━━━━━ Supplied information
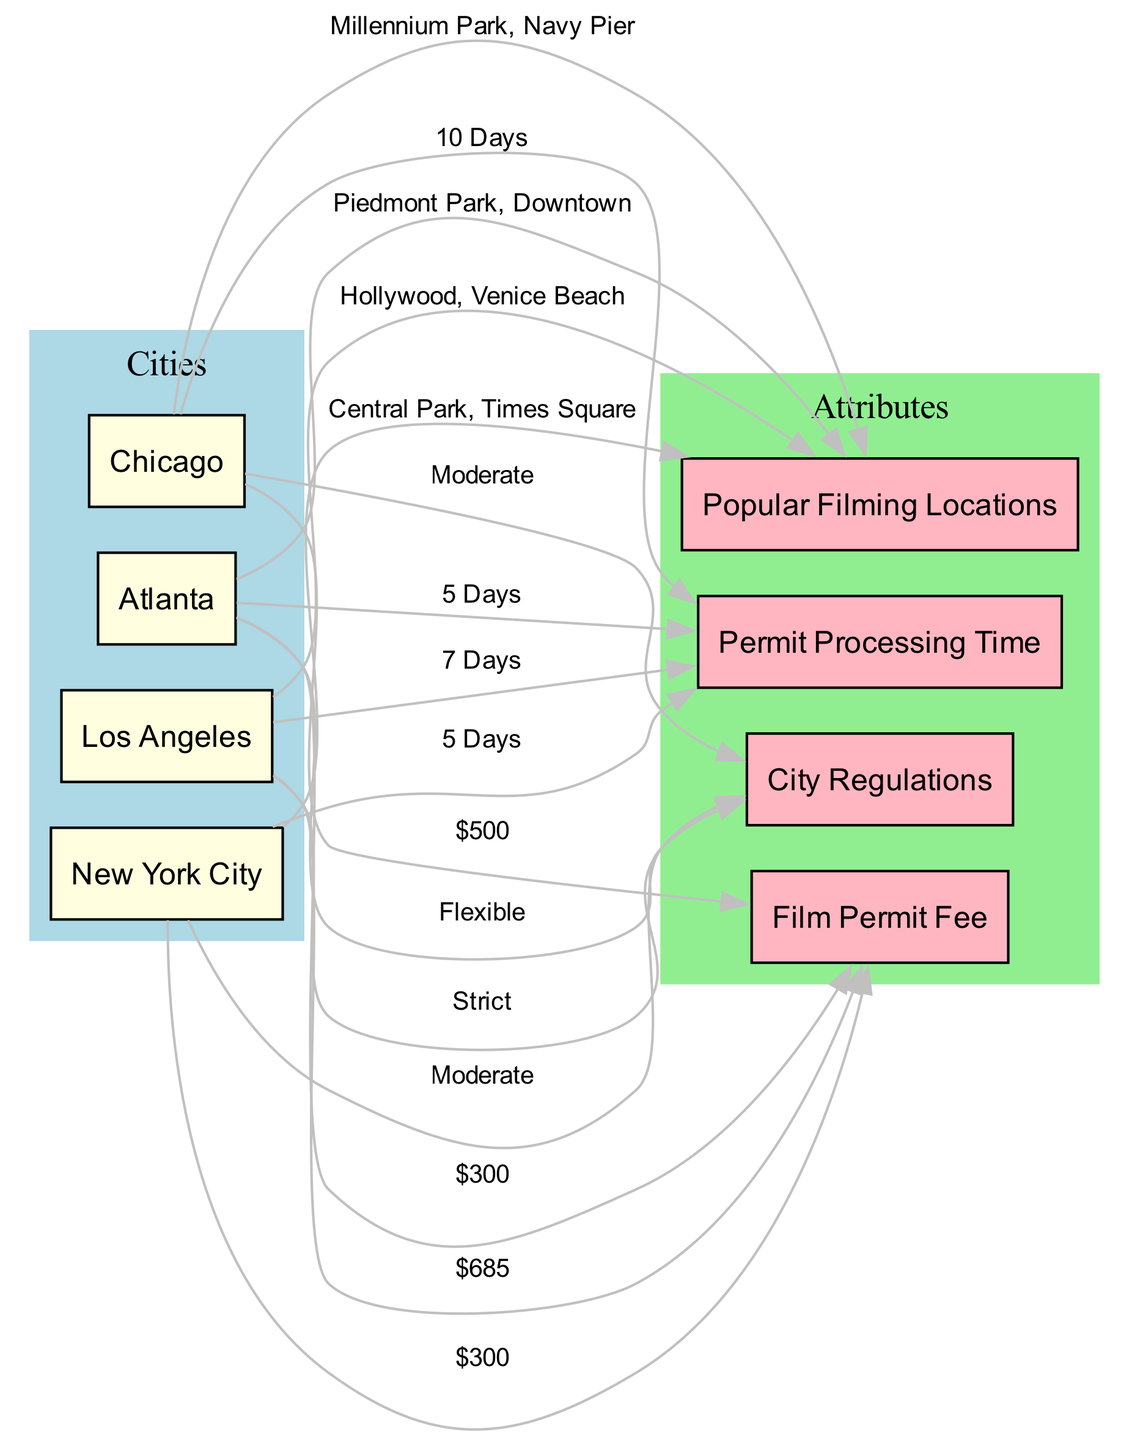What is the film permit fee for Los Angeles? The film permit fee for Los Angeles is directly linked through an edge labeled "$685" connecting Los Angeles to Film Permit Fee in the diagram.
Answer: $685 What is the permit processing time for New York City? In the diagram, New York City is connected to Permit Processing Time with an edge labeled "5 Days." Thus, the processing time for permits is five days.
Answer: 5 Days Which city has the lowest film permit fee? By examining the edges for Film Permit Fee, both Atlanta and New York City have the same fee of "$300," which is lower than the other cities listed in the diagram.
Answer: $300 What popular filming locations are associated with Chicago? Chicago is linked to Popular Locations in the diagram, indicated by the edge labeled "Millennium Park, Navy Pier." These are the noted filming locations for Chicago.
Answer: Millennium Park, Navy Pier Which city has the strictest city regulations? The diagram shows that Los Angeles, with an edge labeled "Strict" connected to City Regulations, indicates it has the most stringent regulations compared to the other cities presented.
Answer: Strict How many days does it take to process a film permit in Atlanta? By reviewing the edges, the connection from Atlanta to Permit Processing Time is labeled "5 Days," meaning it takes five days to process a permit here.
Answer: 5 Days What are the popular filming locations in New York City? The edge connecting New York City to Popular Locations in the diagram is labeled "Central Park, Times Square," indicating these are the notable filming spots in the city.
Answer: Central Park, Times Square Which city has the most flexible city regulations? Atlanta has the edge labeled "Flexible" connecting it to City Regulations, indicating that it features the most accommodating regulations compared to the others.
Answer: Flexible 
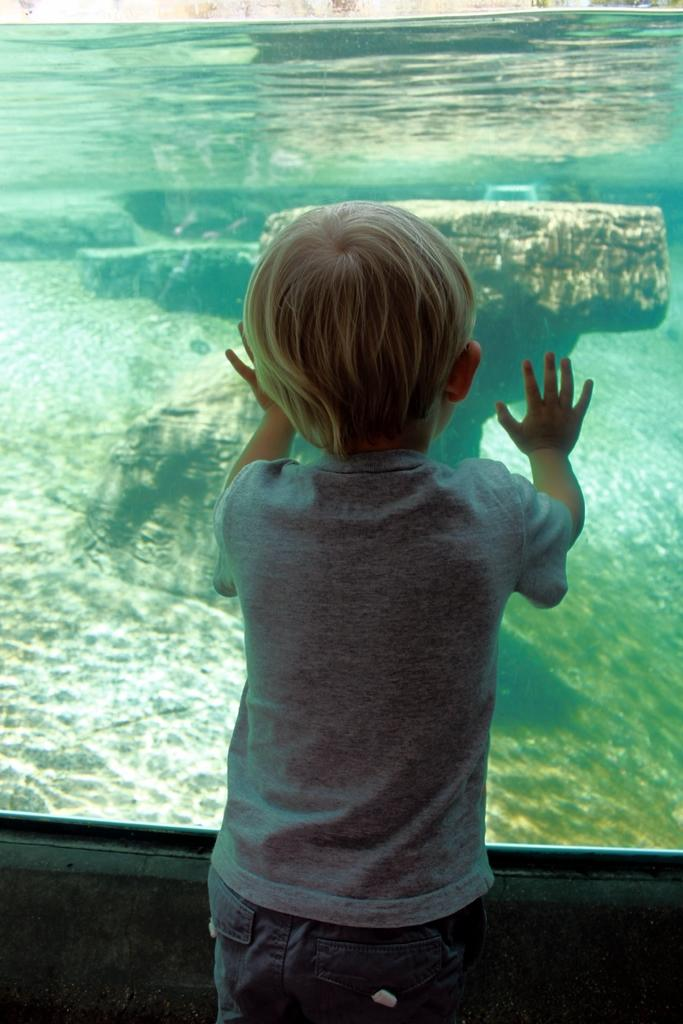What is the main subject of the picture? The main subject of the picture is a child. Where is the child located in relation to the water? The child is standing near the water. What can be seen in the water? There are stones present in the water. What type of grain is being harvested by the writer in the image? There is no writer or grain present in the image; it features a child standing near the water with stones in it. 
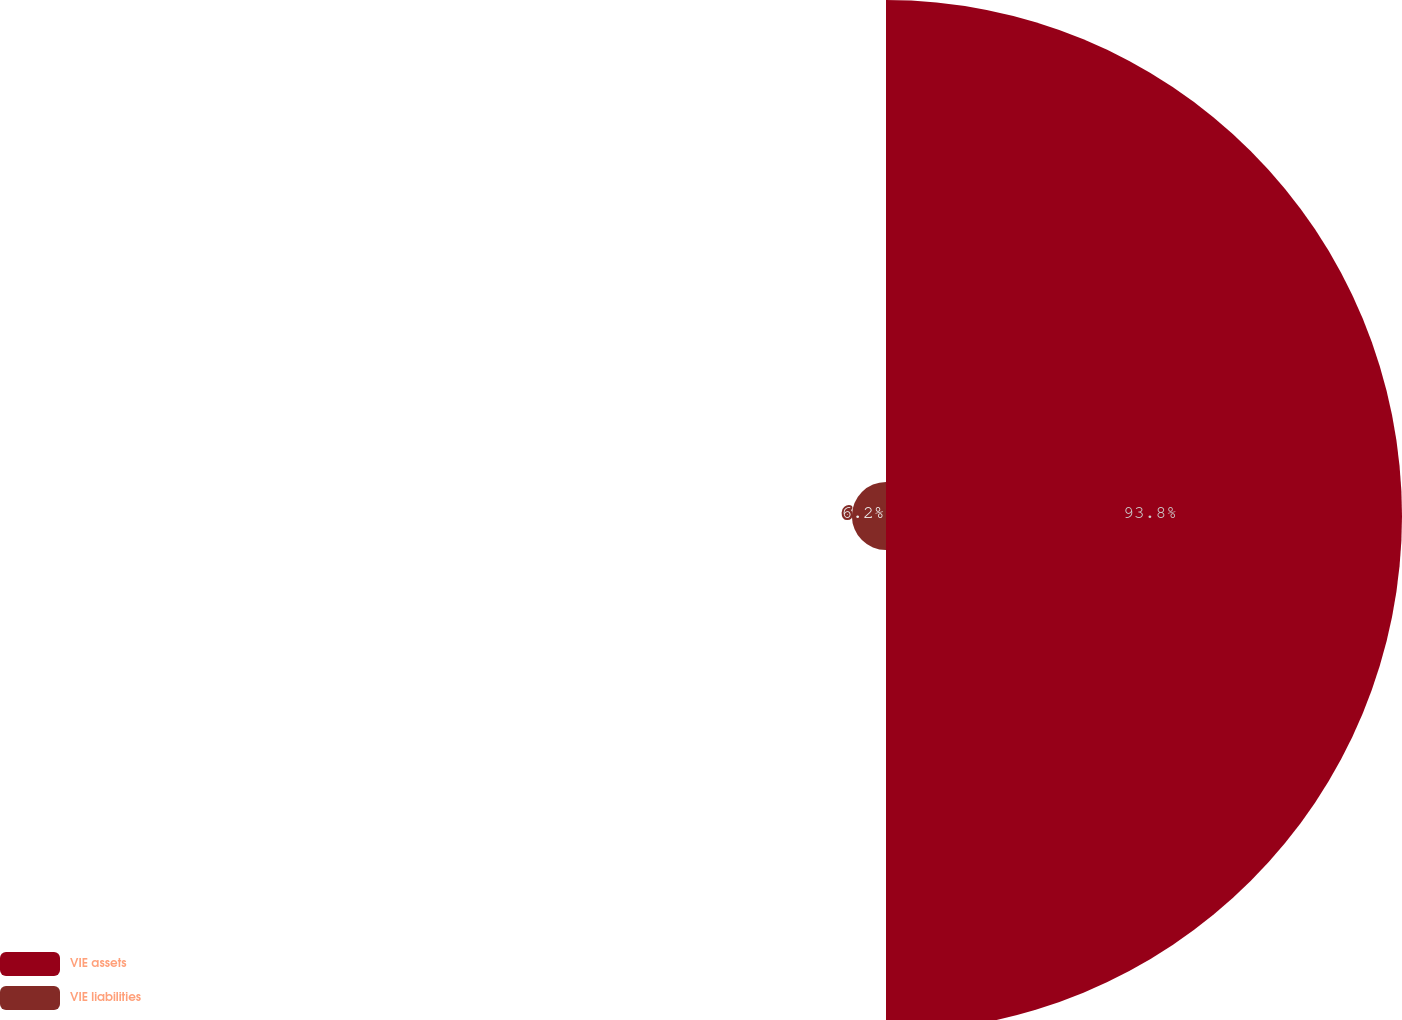Convert chart. <chart><loc_0><loc_0><loc_500><loc_500><pie_chart><fcel>VIE assets<fcel>VIE liabilities<nl><fcel>93.8%<fcel>6.2%<nl></chart> 
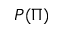<formula> <loc_0><loc_0><loc_500><loc_500>P ( \Pi )</formula> 
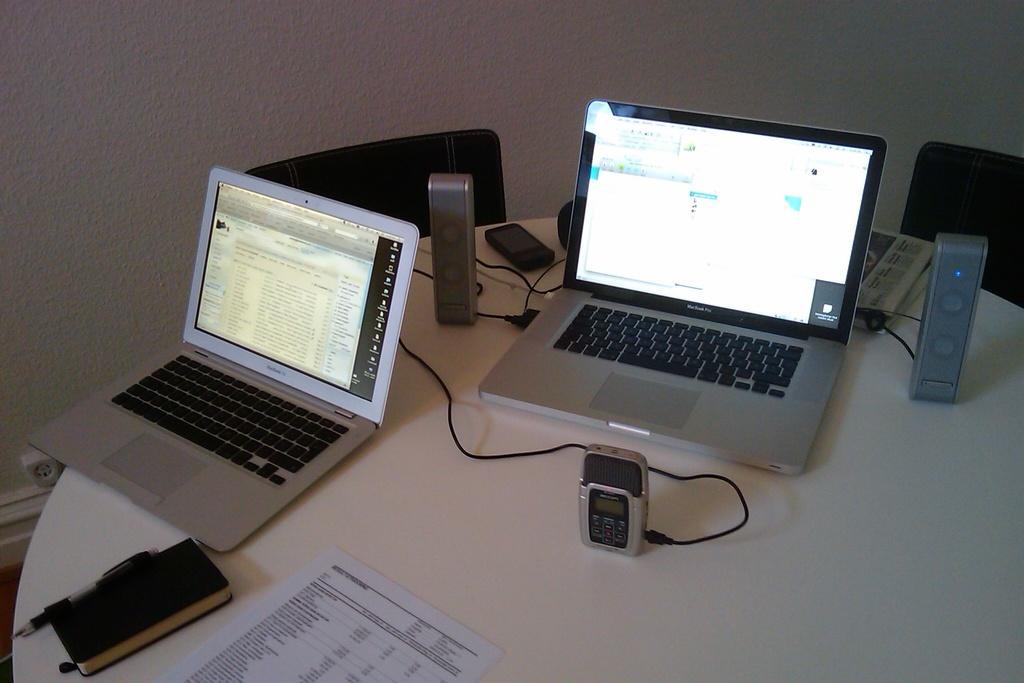Please provide a concise description of this image. In this picture we can see a table and on the table, there are laptops, cables, a paper, pen and some objects. Behind the table, there are chairs and a wall. On the left side of the image, there is an object attached to the wall. 
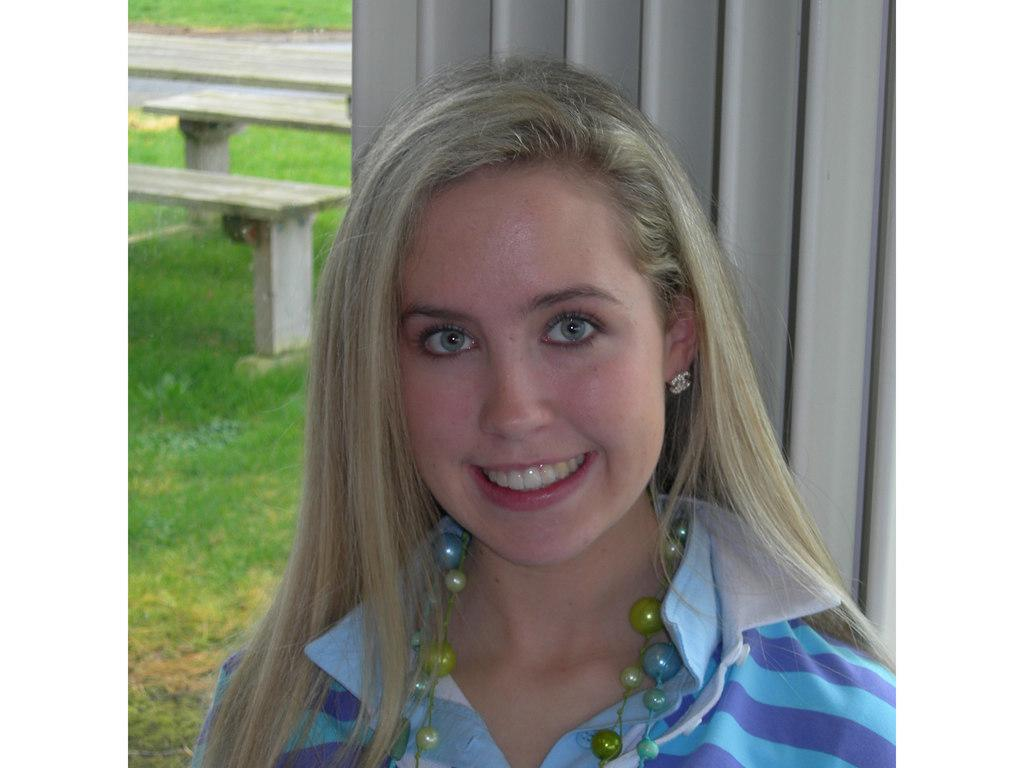What is the main subject of the image? There is a woman standing in the middle of the image. What is the woman's expression in the image? The woman is smiling in the image. What can be seen behind the woman? There is a wall behind the woman. What type of vegetation is on the left side of the image? There is grass on the left side of the image. What type of furniture is on the left side of the image? There are benches on the left side of the image. What type of stamp can be seen on the woman's forehead in the image? There is no stamp visible on the woman's forehead in the image. What invention is the woman holding in her hand in the image? The image does not show the woman holding any invention in her hand. 
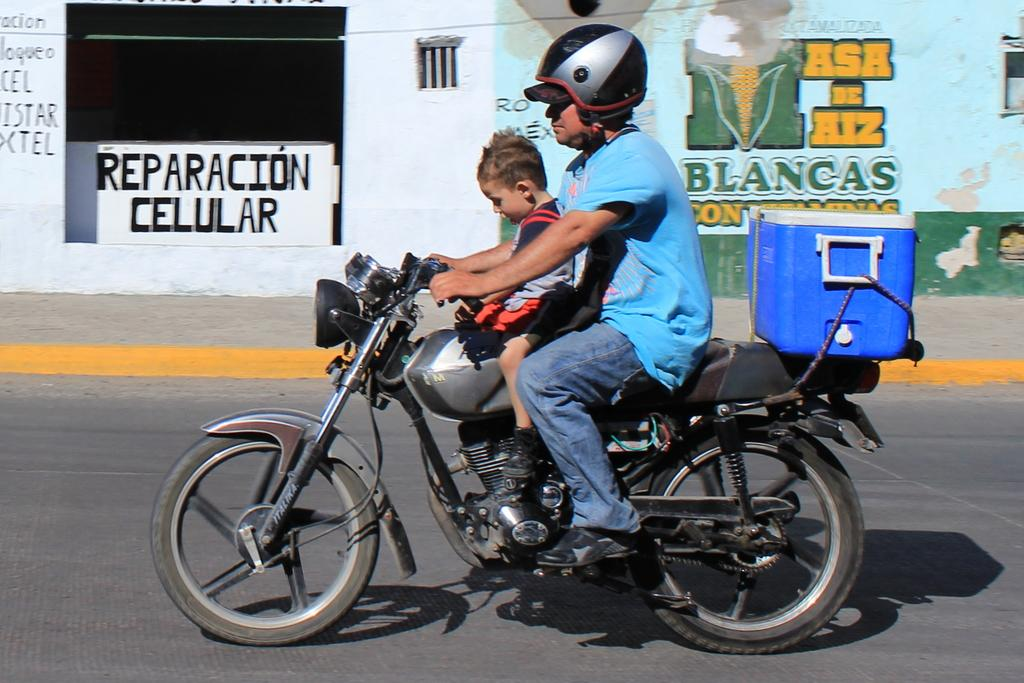Who can be seen in the image? There is a man and a boy in the image. What are they doing in the image? They are moving on a motorcycle. Where is the motorcycle located? The motorcycle is on the road. What is attached to the motorcycle? There is a box tied to the motorcycle. What type of jewel can be seen on the motorcycle in the image? There is no jewel present on the motorcycle in the image. 
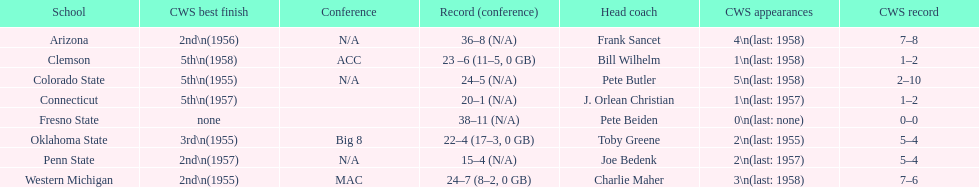Which school has no cws appearances? Fresno State. Can you parse all the data within this table? {'header': ['School', 'CWS best finish', 'Conference', 'Record (conference)', 'Head coach', 'CWS appearances', 'CWS record'], 'rows': [['Arizona', '2nd\\n(1956)', 'N/A', '36–8 (N/A)', 'Frank Sancet', '4\\n(last: 1958)', '7–8'], ['Clemson', '5th\\n(1958)', 'ACC', '23 –6 (11–5, 0 GB)', 'Bill Wilhelm', '1\\n(last: 1958)', '1–2'], ['Colorado State', '5th\\n(1955)', 'N/A', '24–5 (N/A)', 'Pete Butler', '5\\n(last: 1958)', '2–10'], ['Connecticut', '5th\\n(1957)', '', '20–1 (N/A)', 'J. Orlean Christian', '1\\n(last: 1957)', '1–2'], ['Fresno State', 'none', '', '38–11 (N/A)', 'Pete Beiden', '0\\n(last: none)', '0–0'], ['Oklahoma State', '3rd\\n(1955)', 'Big 8', '22–4 (17–3, 0 GB)', 'Toby Greene', '2\\n(last: 1955)', '5–4'], ['Penn State', '2nd\\n(1957)', 'N/A', '15–4 (N/A)', 'Joe Bedenk', '2\\n(last: 1957)', '5–4'], ['Western Michigan', '2nd\\n(1955)', 'MAC', '24–7 (8–2, 0 GB)', 'Charlie Maher', '3\\n(last: 1958)', '7–6']]} 
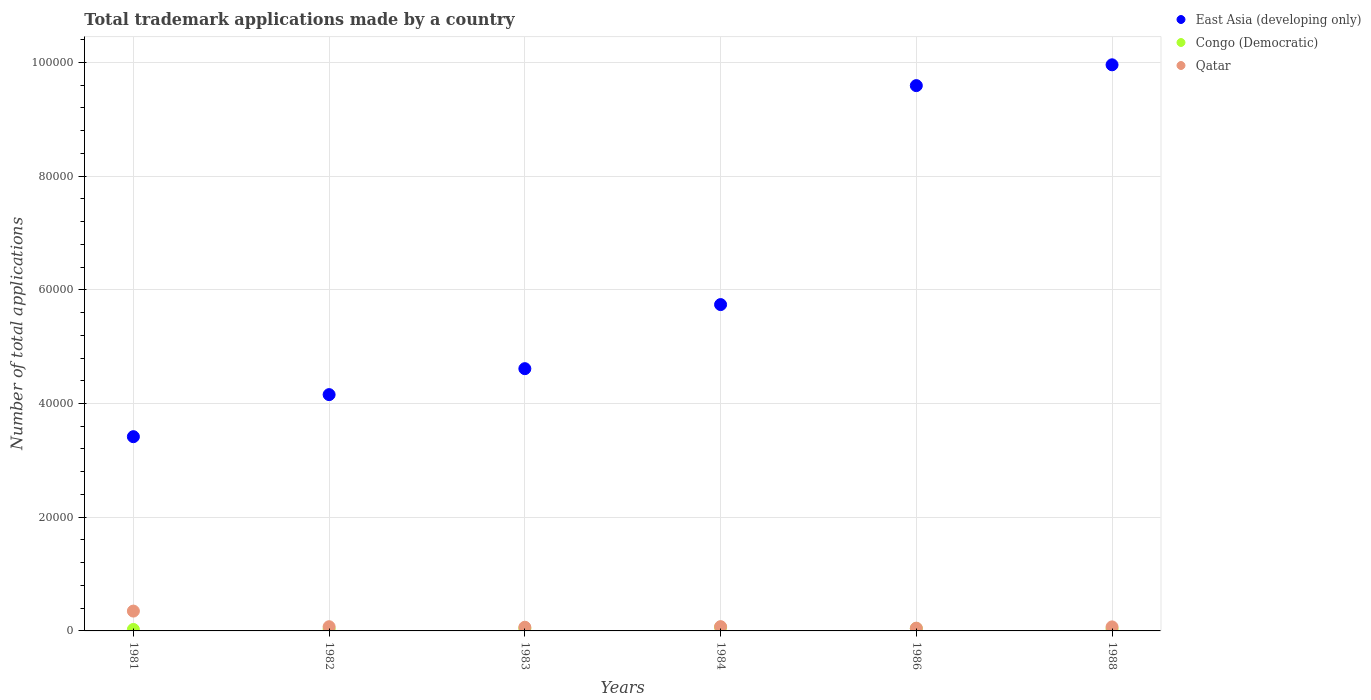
━━━━━━━━━━
§ **Task brief**
The lines from the start of the data through the line that contains "Answer: $300 What" are to be returned exactly, please, with both ends included and every picture left out.

§ **Finished task**
What is the film permit fee for Los Angeles? The film permit fee for Los Angeles is directly linked through an edge labeled "$685" connecting Los Angeles to Film Permit Fee in the diagram.
Answer: $685 What is the permit processing time for New York City? In the diagram, New York City is connected to Permit Processing Time with an edge labeled "5 Days." Thus, the processing time for permits is five days.
Answer: 5 Days Which city has the lowest film permit fee? By examining the edges for Film Permit Fee, both Atlanta and New York City have the same fee of "$300," which is lower than the other cities listed in the diagram.
Answer: $300 What popular filming locations are associated with Chicago? Chicago is linked to Popular Locations in the diagram, indicated by the edge labeled "Millennium Park, Navy Pier." These are the noted filming locations for Chicago.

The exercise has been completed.